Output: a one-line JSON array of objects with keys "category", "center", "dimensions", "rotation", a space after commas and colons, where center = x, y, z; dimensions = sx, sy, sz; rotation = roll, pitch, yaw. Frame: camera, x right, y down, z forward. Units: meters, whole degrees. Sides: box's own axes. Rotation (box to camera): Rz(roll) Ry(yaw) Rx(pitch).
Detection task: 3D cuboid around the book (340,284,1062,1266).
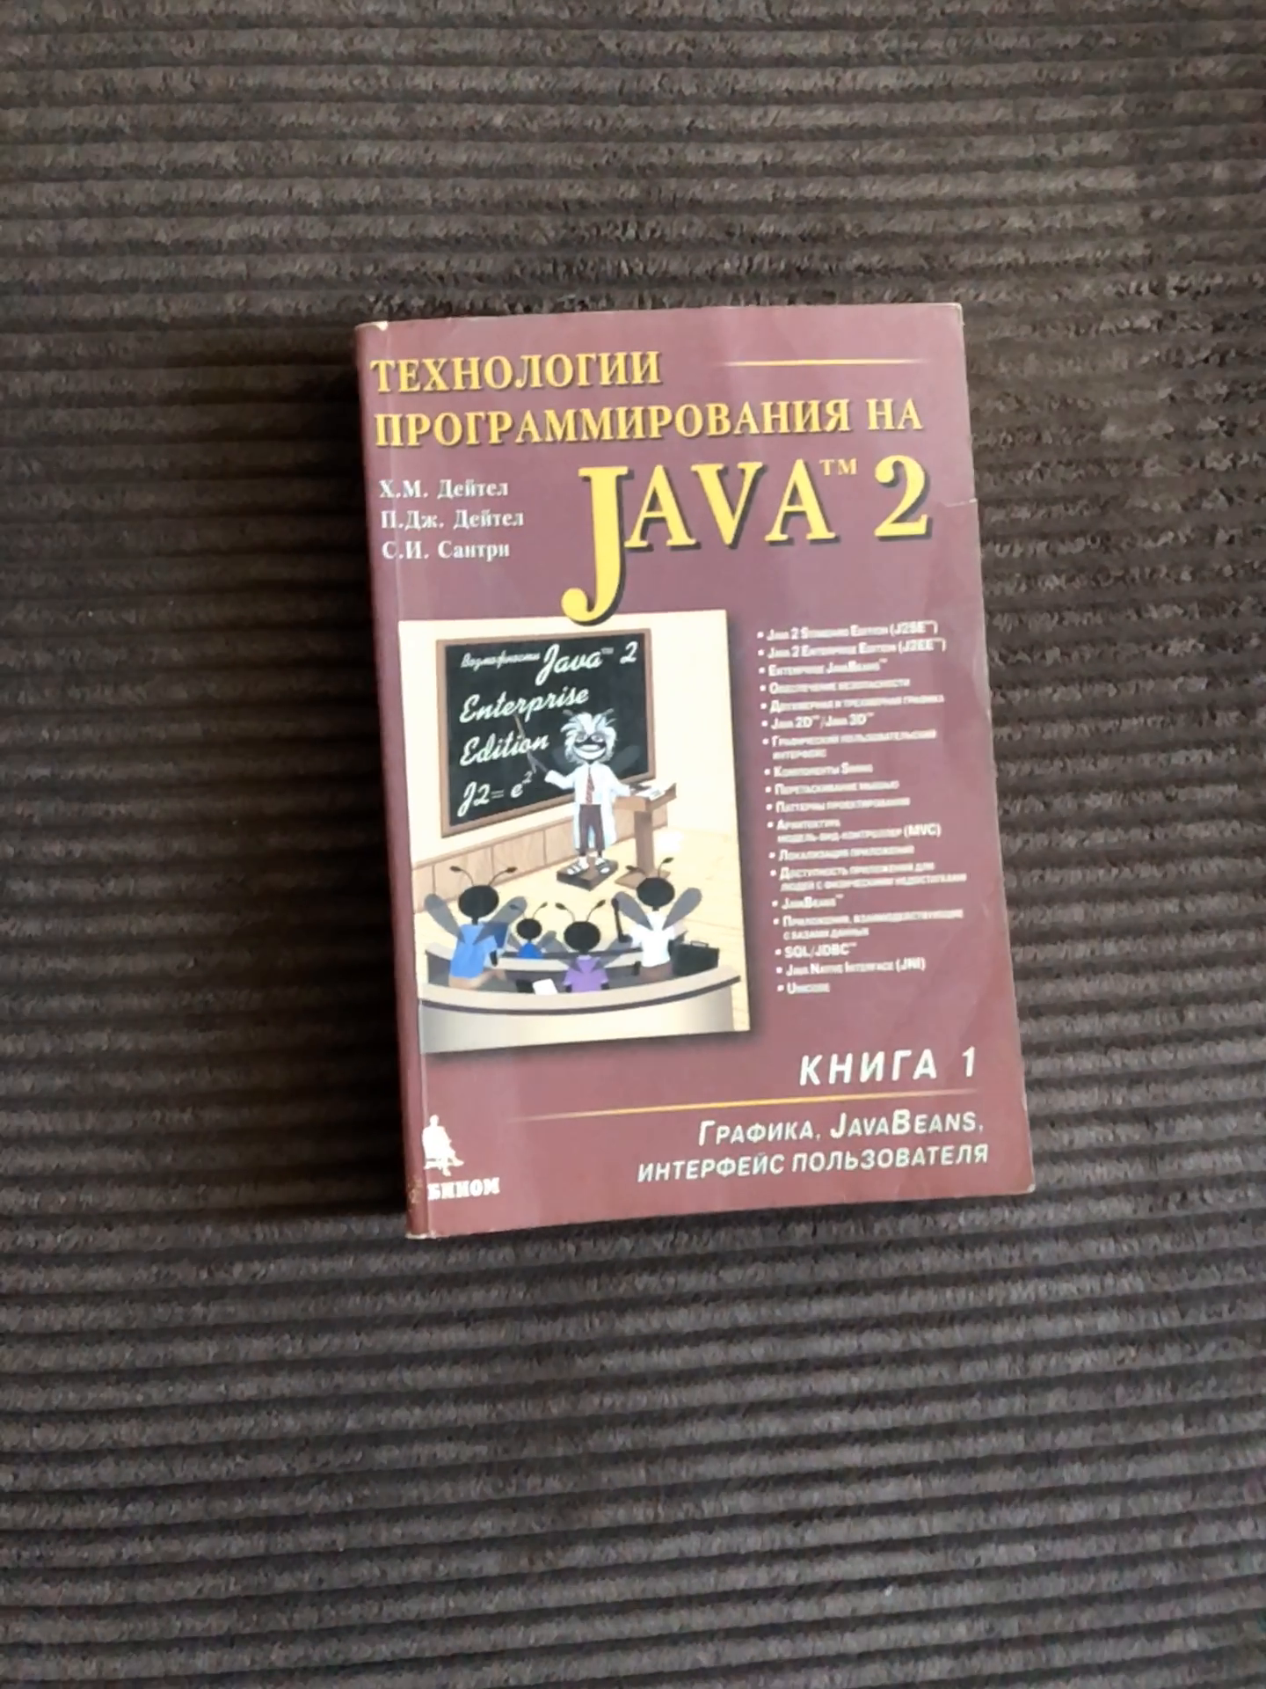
[{"category": "book", "center": [0.015, -0.021, 0.380], "dimensions": [0.165, 0.050, 0.240], "rotation": [-4, 86, -5]}]

TASK - Without the pictures, write out all of the material exactly.

ANSWER BOX -
Output: a one-line JSON array of objects with keys "category", "center", "dimensions", "rotation", a space after commas and colons, where center = x, y, z; dimensions = sx, sy, sz; rotation = roll, pitch, yaw. Frame: camera, x right, y down, z forward. Units: meters, whole degrees. Sides: box's own axes. Rotation (box to camera): Rz(roll) Ry(yaw) Rx(pitch).
Detection task: 3D cuboid around the book (340,284,1062,1266).
[{"category": "book", "center": [0.015, -0.021, 0.380], "dimensions": [0.165, 0.050, 0.240], "rotation": [-4, 86, -5]}]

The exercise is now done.